ENSO links with Australia’s west coast were first noted by Pariwono et al. (1986)
from analysis of variations in Australian sea level. However, it was only recently that
ENSO has been shown to be an important contributor to the strength of the southward
flowing Leeuwin Current (Feng et al. 2003) and shelf slope currents (Clarke and Li
2004). Using a range of observational data, Feng et al. (2003) have shown that the
Leeuwin Current, which has an annual mean southward flow of ~3.4 Sv 1 , weakens to
3.0 Sv during El Niño years, and strengthens to ~4.2 Sv during La Niña years.
Further, the response of the Leeuwin current during ENSO years is well represented
by the eddy resolving ocean general circulation model (BLUELink) used in the
reanalysis effort of Schiller et al. (2007). The southward heat transport of the Leeuwin
Current is one of the most important drivers of sea surface temperature variability off
the west coast (Feng et al. 2008) and an example of the strong relationship that exists
between west coast SSTs and ENSO (Figure 1).
Australia’s south coast is dominated by extensive zonal shelves which host a
seasonally varying circulation affected by zonal winds and the Leeuwin Current
(Middleton et al. 2007). Recent work by Li and Clarke (2004) has shown that the sea
surface height (SSH) along this southern coastline is affected by ENSO, due to the
propagation of coastal waves, where El Niño (La Niña) events lead to lower (higher)
than normal SSH along this extensive coast. Further, Li and Clarke (2004) showed
that theoretically these changes in SSH indicate the existence of anomalous easterly
(westerly) subsurface flow during La Niña (El Niño) events. This was supported by a
combination of observational and modeling work (Middleton et al. 2007). Middleton
et al. (2007) also showed that El Niño events lead to enhanced upwelling along this
south coast, particularly along the western Eyre Peninsula.
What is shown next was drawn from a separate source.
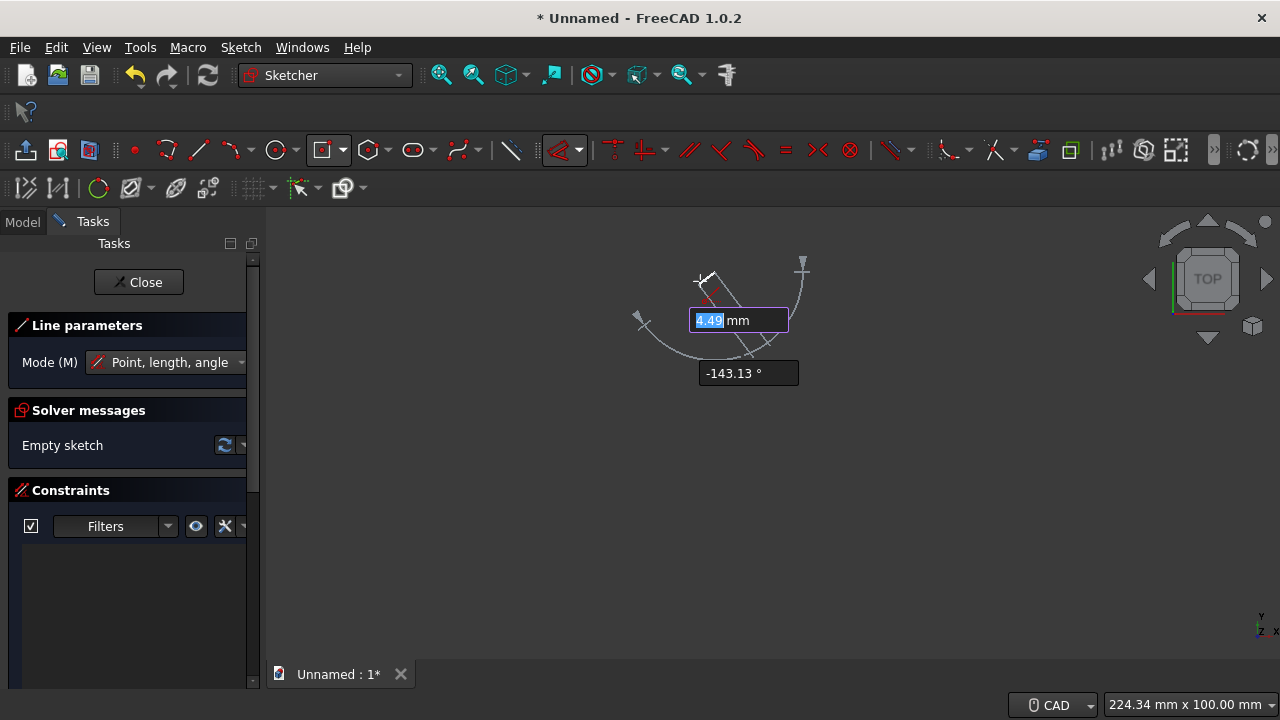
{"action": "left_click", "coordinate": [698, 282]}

ENSO has profound impacts on the physical marine environments off Australia’s west
and south coasts (Pearce and Phillips 1988; Feng et al. 2003, 2008; Wijffels and
Meyers 2004; Middleton and Bye 2007), through the propagation of coastal waves
(Clarke and Li, 2004). There appears to be no significant relationship between ENSO
and the local winds. Table 1 summarises the observational evidence of ENSO’s
influence on the physical environments off Australia’s west and south coasts.
1
Sv = Sverdrup. A unit of measure of the transport of ocean currents. 1 Sverdrup = 106 cubic meters
per second.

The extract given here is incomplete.